▼

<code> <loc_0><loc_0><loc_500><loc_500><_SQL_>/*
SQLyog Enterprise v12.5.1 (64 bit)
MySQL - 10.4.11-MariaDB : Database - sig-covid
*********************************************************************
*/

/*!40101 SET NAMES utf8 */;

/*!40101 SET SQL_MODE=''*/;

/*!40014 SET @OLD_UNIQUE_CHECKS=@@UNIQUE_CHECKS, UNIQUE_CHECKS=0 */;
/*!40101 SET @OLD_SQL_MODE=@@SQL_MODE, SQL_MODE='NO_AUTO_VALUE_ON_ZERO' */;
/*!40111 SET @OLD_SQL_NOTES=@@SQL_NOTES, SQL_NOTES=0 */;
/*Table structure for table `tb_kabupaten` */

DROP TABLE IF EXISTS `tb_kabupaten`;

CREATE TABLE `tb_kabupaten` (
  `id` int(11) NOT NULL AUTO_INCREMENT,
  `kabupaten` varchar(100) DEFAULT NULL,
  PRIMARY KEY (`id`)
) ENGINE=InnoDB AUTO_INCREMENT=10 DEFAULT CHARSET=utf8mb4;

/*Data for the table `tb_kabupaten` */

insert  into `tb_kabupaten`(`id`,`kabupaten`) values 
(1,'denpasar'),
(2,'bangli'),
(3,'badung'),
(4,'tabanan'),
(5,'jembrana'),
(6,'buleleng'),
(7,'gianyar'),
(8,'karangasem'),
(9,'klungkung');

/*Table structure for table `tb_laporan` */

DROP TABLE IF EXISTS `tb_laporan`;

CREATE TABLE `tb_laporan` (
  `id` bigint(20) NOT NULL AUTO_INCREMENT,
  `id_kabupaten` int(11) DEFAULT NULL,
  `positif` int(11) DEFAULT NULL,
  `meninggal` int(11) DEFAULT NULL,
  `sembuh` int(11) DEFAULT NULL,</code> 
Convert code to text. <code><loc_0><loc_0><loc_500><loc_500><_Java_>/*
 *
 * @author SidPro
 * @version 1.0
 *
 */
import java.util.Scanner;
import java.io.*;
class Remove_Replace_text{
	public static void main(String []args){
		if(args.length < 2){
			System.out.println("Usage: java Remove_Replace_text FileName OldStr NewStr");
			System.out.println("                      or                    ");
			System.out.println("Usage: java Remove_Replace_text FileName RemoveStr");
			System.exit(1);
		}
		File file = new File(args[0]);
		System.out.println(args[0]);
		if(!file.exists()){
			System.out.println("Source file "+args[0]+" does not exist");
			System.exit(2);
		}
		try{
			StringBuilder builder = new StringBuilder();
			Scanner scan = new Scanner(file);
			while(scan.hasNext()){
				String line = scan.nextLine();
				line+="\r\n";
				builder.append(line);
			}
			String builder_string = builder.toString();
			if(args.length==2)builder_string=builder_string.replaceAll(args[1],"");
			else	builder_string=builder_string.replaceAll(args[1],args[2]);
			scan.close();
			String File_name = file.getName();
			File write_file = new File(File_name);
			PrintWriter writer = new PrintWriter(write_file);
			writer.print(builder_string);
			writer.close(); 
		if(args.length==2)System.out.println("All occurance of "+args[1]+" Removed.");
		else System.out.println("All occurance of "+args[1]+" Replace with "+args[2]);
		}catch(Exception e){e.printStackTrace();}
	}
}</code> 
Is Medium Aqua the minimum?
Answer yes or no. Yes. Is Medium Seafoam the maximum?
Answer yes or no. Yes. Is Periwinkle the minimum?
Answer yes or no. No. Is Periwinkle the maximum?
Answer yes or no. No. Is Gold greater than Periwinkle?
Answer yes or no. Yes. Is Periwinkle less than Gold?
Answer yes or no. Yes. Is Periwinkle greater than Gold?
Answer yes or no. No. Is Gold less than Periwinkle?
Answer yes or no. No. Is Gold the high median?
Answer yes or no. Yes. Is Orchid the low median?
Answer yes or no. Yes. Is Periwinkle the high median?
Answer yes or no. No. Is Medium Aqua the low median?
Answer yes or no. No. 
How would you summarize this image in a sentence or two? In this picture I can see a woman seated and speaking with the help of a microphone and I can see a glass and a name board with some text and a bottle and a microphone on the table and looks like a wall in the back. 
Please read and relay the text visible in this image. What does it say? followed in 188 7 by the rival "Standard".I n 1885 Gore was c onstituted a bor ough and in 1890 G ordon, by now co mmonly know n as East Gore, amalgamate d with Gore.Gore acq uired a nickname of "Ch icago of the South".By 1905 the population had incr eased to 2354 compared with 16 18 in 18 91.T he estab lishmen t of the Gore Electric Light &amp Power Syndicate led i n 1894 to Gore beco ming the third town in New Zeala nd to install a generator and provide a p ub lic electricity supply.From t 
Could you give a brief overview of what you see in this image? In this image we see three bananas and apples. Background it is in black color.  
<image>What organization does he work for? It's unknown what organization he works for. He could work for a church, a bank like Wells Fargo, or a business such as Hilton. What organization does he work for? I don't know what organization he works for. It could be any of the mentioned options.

▲

> Description of the task:
Please retype all of the data above exactly as written.

> Response for this exercise:
<code> <loc_0><loc_0><loc_500><loc_500><_SQL_>/*
SQLyog Enterprise v12.5.1 (64 bit)
MySQL - 10.4.11-MariaDB : Database - sig-covid
*********************************************************************
*/

/*!40101 SET NAMES utf8 */;

/*!40101 SET SQL_MODE=''*/;

/*!40014 SET @OLD_UNIQUE_CHECKS=@@UNIQUE_CHECKS, UNIQUE_CHECKS=0 */;
/*!40101 SET @OLD_SQL_MODE=@@SQL_MODE, SQL_MODE='NO_AUTO_VALUE_ON_ZERO' */;
/*!40111 SET @OLD_SQL_NOTES=@@SQL_NOTES, SQL_NOTES=0 */;
/*Table structure for table `tb_kabupaten` */

DROP TABLE IF EXISTS `tb_kabupaten`;

CREATE TABLE `tb_kabupaten` (
  `id` int(11) NOT NULL AUTO_INCREMENT,
  `kabupaten` varchar(100) DEFAULT NULL,
  PRIMARY KEY (`id`)
) ENGINE=InnoDB AUTO_INCREMENT=10 DEFAULT CHARSET=utf8mb4;

/*Data for the table `tb_kabupaten` */

insert  into `tb_kabupaten`(`id`,`kabupaten`) values 
(1,'denpasar'),
(2,'bangli'),
(3,'badung'),
(4,'tabanan'),
(5,'jembrana'),
(6,'buleleng'),
(7,'gianyar'),
(8,'karangasem'),
(9,'klungkung');

/*Table structure for table `tb_laporan` */

DROP TABLE IF EXISTS `tb_laporan`;

CREATE TABLE `tb_laporan` (
  `id` bigint(20) NOT NULL AUTO_INCREMENT,
  `id_kabupaten` int(11) DEFAULT NULL,
  `positif` int(11) DEFAULT NULL,
  `meninggal` int(11) DEFAULT NULL,
  `sembuh` int(11) DEFAULT NULL,</code> 
Convert code to text. <code><loc_0><loc_0><loc_500><loc_500><_Java_>/*
 *
 * @author SidPro
 * @version 1.0
 *
 */
import java.util.Scanner;
import java.io.*;
class Remove_Replace_text{
	public static void main(String []args){
		if(args.length < 2){
			System.out.println("Usage: java Remove_Replace_text FileName OldStr NewStr");
			System.out.println("                      or                    ");
			System.out.println("Usage: java Remove_Replace_text FileName RemoveStr");
			System.exit(1);
		}
		File file = new File(args[0]);
		System.out.println(args[0]);
		if(!file.exists()){
			System.out.println("Source file "+args[0]+" does not exist");
			System.exit(2);
		}
		try{
			StringBuilder builder = new StringBuilder();
			Scanner scan = new Scanner(file);
			while(scan.hasNext()){
				String line = scan.nextLine();
				line+="\r\n";
				builder.append(line);
			}
			String builder_string = builder.toString();
			if(args.length==2)builder_string=builder_string.replaceAll(args[1],"");
			else	builder_string=builder_string.replaceAll(args[1],args[2]);
			scan.close();
			String File_name = file.getName();
			File write_file = new File(File_name);
			PrintWriter writer = new PrintWriter(write_file);
			writer.print(builder_string);
			writer.close(); 
		if(args.length==2)System.out.println("All occurance of "+args[1]+" Removed.");
		else System.out.println("All occurance of "+args[1]+" Replace with "+args[2]);
		}catch(Exception e){e.printStackTrace();}
	}
}</code> 
Is Medium Aqua the minimum?
Answer yes or no. Yes. Is Medium Seafoam the maximum?
Answer yes or no. Yes. Is Periwinkle the minimum?
Answer yes or no. No. Is Periwinkle the maximum?
Answer yes or no. No. Is Gold greater than Periwinkle?
Answer yes or no. Yes. Is Periwinkle less than Gold?
Answer yes or no. Yes. Is Periwinkle greater than Gold?
Answer yes or no. No. Is Gold less than Periwinkle?
Answer yes or no. No. Is Gold the high median?
Answer yes or no. Yes. Is Orchid the low median?
Answer yes or no. Yes. Is Periwinkle the high median?
Answer yes or no. No. Is Medium Aqua the low median?
Answer yes or no. No. 
How would you summarize this image in a sentence or two? In this picture I can see a woman seated and speaking with the help of a microphone and I can see a glass and a name board with some text and a bottle and a microphone on the table and looks like a wall in the back. 
Please read and relay the text visible in this image. What does it say? followed in 188 7 by the rival "Standard".I n 1885 Gore was c onstituted a bor ough and in 1890 G ordon, by now co mmonly know n as East Gore, amalgamate d with Gore.Gore acq uired a nickname of "Ch icago of the South".By 1905 the population had incr eased to 2354 compared with 16 18 in 18 91.T he estab lishmen t of the Gore Electric Light &amp Power Syndicate led i n 1894 to Gore beco ming the third town in New Zeala nd to install a generator and provide a p ub lic electricity supply.From t 
Could you give a brief overview of what you see in this image? In this image we see three bananas and apples. Background it is in black color.  
<image>What organization does he work for? It's unknown what organization he works for. He could work for a church, a bank like Wells Fargo, or a business such as Hilton. What organization does he work for? I don't know what organization he works for. It could be any of the mentioned options.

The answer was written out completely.